= Tempo giusto =

An example of a piece in tempo giusto

Tempo giusto (/it/) is a musical term that means 'in correct time'.

==General==

In the 17th and 18th centuries (Baroque and early Classical), tempo giusto referred to the idea that each meter has its own 'ideal' tempo; this was also referred to as tempo ordinario (ordinary time). The larger the beat value of the meter, the slower the tempo. Therefore, meters with beat values of a minim/half note (e.g. 2/2, 3/2) should be performed with a slow tempo; those with quaver/eighth note beats (e.g. 3/8) are fast; while those with crotchet/quarter note beats (e.g. 2/4, 3/4, 4/4) are performed at a moderate or middling tempo. This convention started in Italy in the 1600s (seicento), and continued in Germany in the 1700s, as theorized by Friedrich Wilhelm Marpurg (1755) and Johann Kirnberger (1776; see sequel):

Regarding meter types, those having larger beats [values], like allabreve, 3/2, and 6/4 meter, have a heavier and slower movement [tempo] than those with smaller beats [values] like 2/4, 3/4, and 6/8 meter, and these in turn are less lively than 3/8 or 6/16 meter.

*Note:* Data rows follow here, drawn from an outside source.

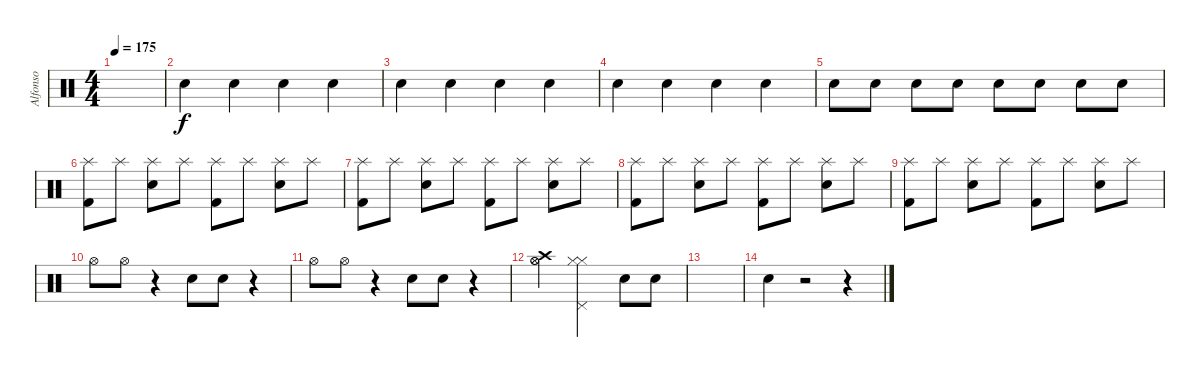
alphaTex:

\track ("Alfonso" "Alfonso") {instrument percussion}
\staff {score}
\articulation defaults
\ts (4 4)
\tempo 175
\clef neutral
\ks c
|
"Electric Snare (hit)".4 "Electric Snare (hit)".4 "Electric Snare (hit)".4 "Electric Snare (hit)".4 |
"Electric Snare (hit)".4 "Electric Snare (hit)".4 "Electric Snare (hit)".4 "Electric Snare (hit)".4 |
"Electric Snare (hit)".4 "Electric Snare (hit)".4 "Electric Snare (hit)".4 "Electric Snare (hit)".4 |
"Electric Snare (hit)".8 "Electric Snare (hit)".8 "Electric Snare (hit)".8 "Electric Snare (hit)".8 "Electric Snare (hit)".8 "Electric Snare (hit)".8 "Electric Snare (hit)".8 "Electric Snare (hit)".8 |
("Splash (hit)" "Kick (hit) 2").8 "Splash (hit)".8 ("Splash (hit)" "Electric Snare (hit)").8 "Splash (hit)".8 ("Splash (hit)" "Kick (hit) 2").8 "Splash (hit)".8 ("Splash (hit)" "Electric Snare (hit)").8 "Splash (hit)".8 |
("Splash (hit)" "Kick (hit) 2").8 "Splash (hit)".8 ("Splash (hit)" "Electric Snare (hit)").8 "Splash (hit)".8 ("Splash (hit)" "Kick (hit) 2").8 "Splash (hit)".8 ("Splash (hit)" "Electric Snare (hit)").8 "Splash (hit)".8 |
("Splash (hit)" "Kick (hit) 2").8 "Splash (hit)".8 ("Splash (hit)" "Electric Snare (hit)").8 "Splash (hit)".8 ("Splash (hit)" "Kick (hit) 2").8 "Splash (hit)".8 ("Splash (hit)" "Electric Snare (hit)").8 "Splash (hit)".8 |
("Splash (hit)" "Kick (hit) 2").8 "Splash (hit)".8 ("Splash (hit)" "Electric Snare (hit)").8 "Splash (hit)".8 ("Splash (hit)" "Kick (hit) 2").8 "Splash (hit)".8 ("Splash (hit)" "Electric Snare (hit)").8 "Splash (hit)".8 |
"Hi-Hat (open)".8 "Hi-Hat (open)".8 r.4 "Electric Snare (hit)".8 "Electric Snare (hit)".8 r.4 |
"Hi-Hat (open)".8 "Hi-Hat (open)".8 r.4 "Electric Snare (hit)".8 "Electric Snare (hit)".8 r.4 |
("Hi-Hat (open)" "Crash high (hit)" "Hi-Hat (open)").4 ("Hi-Hat (closed)" "Pedal Hi-Hat (hit)" "Hi-Hat (closed)").2 "Electric Snare (hit)".8 "Electric Snare (hit)".8 |
|
"Electric Snare (hit)".4 r.2 r.4

Conventions existed for what the "correct" tempo for a particular style was, notably detailed for French dances in Michel L'Affilard (1691–1717).

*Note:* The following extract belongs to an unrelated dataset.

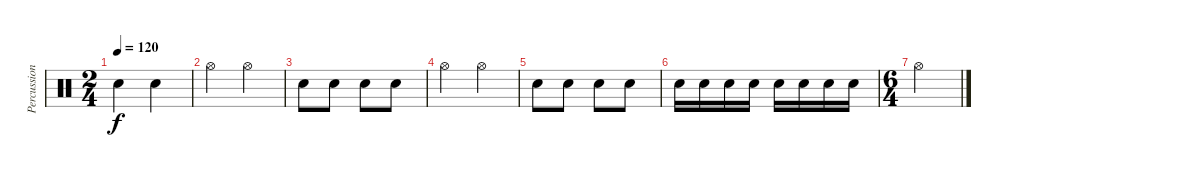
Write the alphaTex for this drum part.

The composer and music theorist Johann Kirnberger (1776) formalized and refined this idea by instructing the performer to consider the following details in combination when determining the best performance tempo of a piece: the tempo giusto of the meter, the tempo term (Allegro, Adagio, etc., if there is one, at the start of the piece), the particular rhythms in the piece (taking account of the longest and shortest notes), the 'character' of the piece, and the piece's genre (whether it was a minuet, sarabande, gigue, etc.). In this way, an experienced musician could rely on his/her (informed) intuition to find the 'right' tempo. Occasionally, a composer will mark a piece tempo giusto to request the performer to use his/her experience in this way: that is, to intuit the correct tempo from the structure and nature of the piece itself.

From the mid-18th century, the notion of each meter having an 'ideal tempo' fell out of fashion, as composers started preferring to indicate tempo with tempo terms and (later, in the nineteenth century) with metronome markings.

The artistic director of the Madison Symphony Orchestra, Maestro John DeMain, has said, “[n]ow that I think about it, the idea of tempo giusto describes just about everything I do or aspire to."